Mata Aurielle beralih ke meja rias di sebelahnya. Di sana tergeletak cincin pernikahan yang berkilau-barang yang ia pakai karena kewajiban, bukan karena cinta. Sementara Cassian, suaminya, tidak pernah sekali pun melihat cincin itu dengan makna yang sama. Suaminya lebih tertarik pada pekerjaan dan urusan bisnis yang tak ada habisnya, lebih menyibukkan diri dengan dunia luar daripada berurusan dengan istrinya.

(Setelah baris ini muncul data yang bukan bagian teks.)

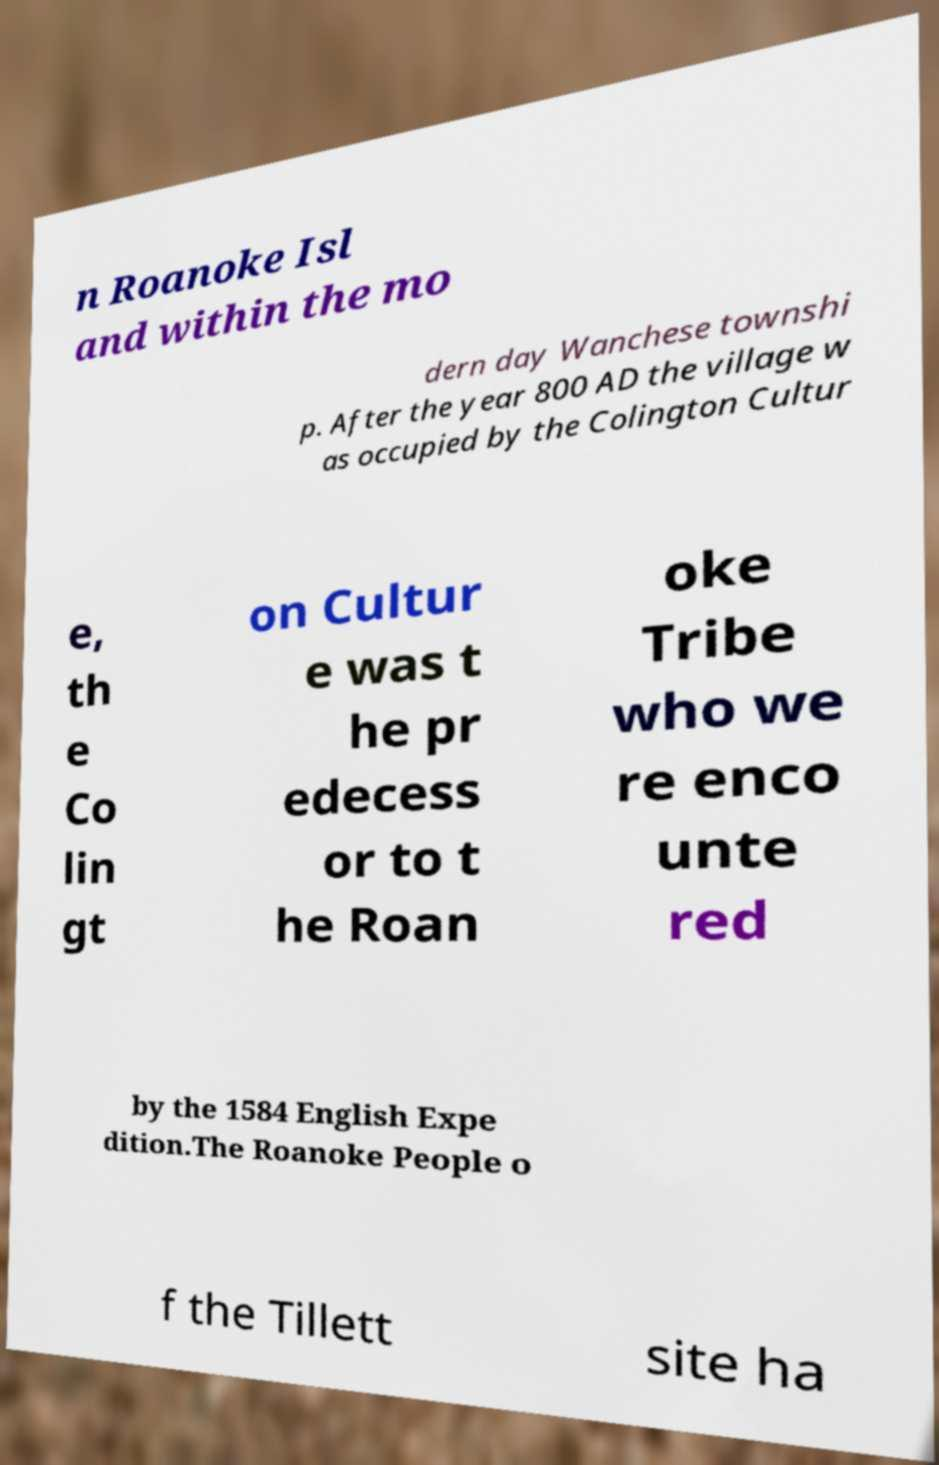Can you read and provide the text displayed in the image?This photo seems to have some interesting text. Can you extract and type it out for me? n Roanoke Isl and within the mo dern day Wanchese townshi p. After the year 800 AD the village w as occupied by the Colington Cultur e, th e Co lin gt on Cultur e was t he pr edecess or to t he Roan oke Tribe who we re enco unte red by the 1584 English Expe dition.The Roanoke People o f the Tillett site ha 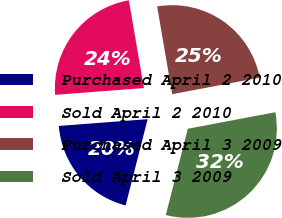Convert chart to OTSL. <chart><loc_0><loc_0><loc_500><loc_500><pie_chart><fcel>Purchased April 2 2010<fcel>Sold April 2 2010<fcel>Purchased April 3 2009<fcel>Sold April 3 2009<nl><fcel>19.81%<fcel>23.51%<fcel>24.73%<fcel>31.95%<nl></chart>

Dia memijat pelipisnya yang mulai berdenyut, mencoba mengingat kembali bagaimana ia bisa sampai di titik ini. Pernikahan mereka tidak dimulai dengan cinta, itu sudah jelas. Bahkan dari awal, semua yang terjadi lebih seperti transaksi yang dipaksakan daripada hubungan yang didasari oleh perasaan. Orangtuanya, yang lebih mementingkan status dan kekayaan, membuat keputusan ini jauh sebelum Aurielle mengetahui apa yang akan terjadi dengan hidupnya. Tidak ada ruang bagi suara hatinya, tidak ada pertimbangan tentang apa yang ia inginkan. Semua telah dipilih untuknya.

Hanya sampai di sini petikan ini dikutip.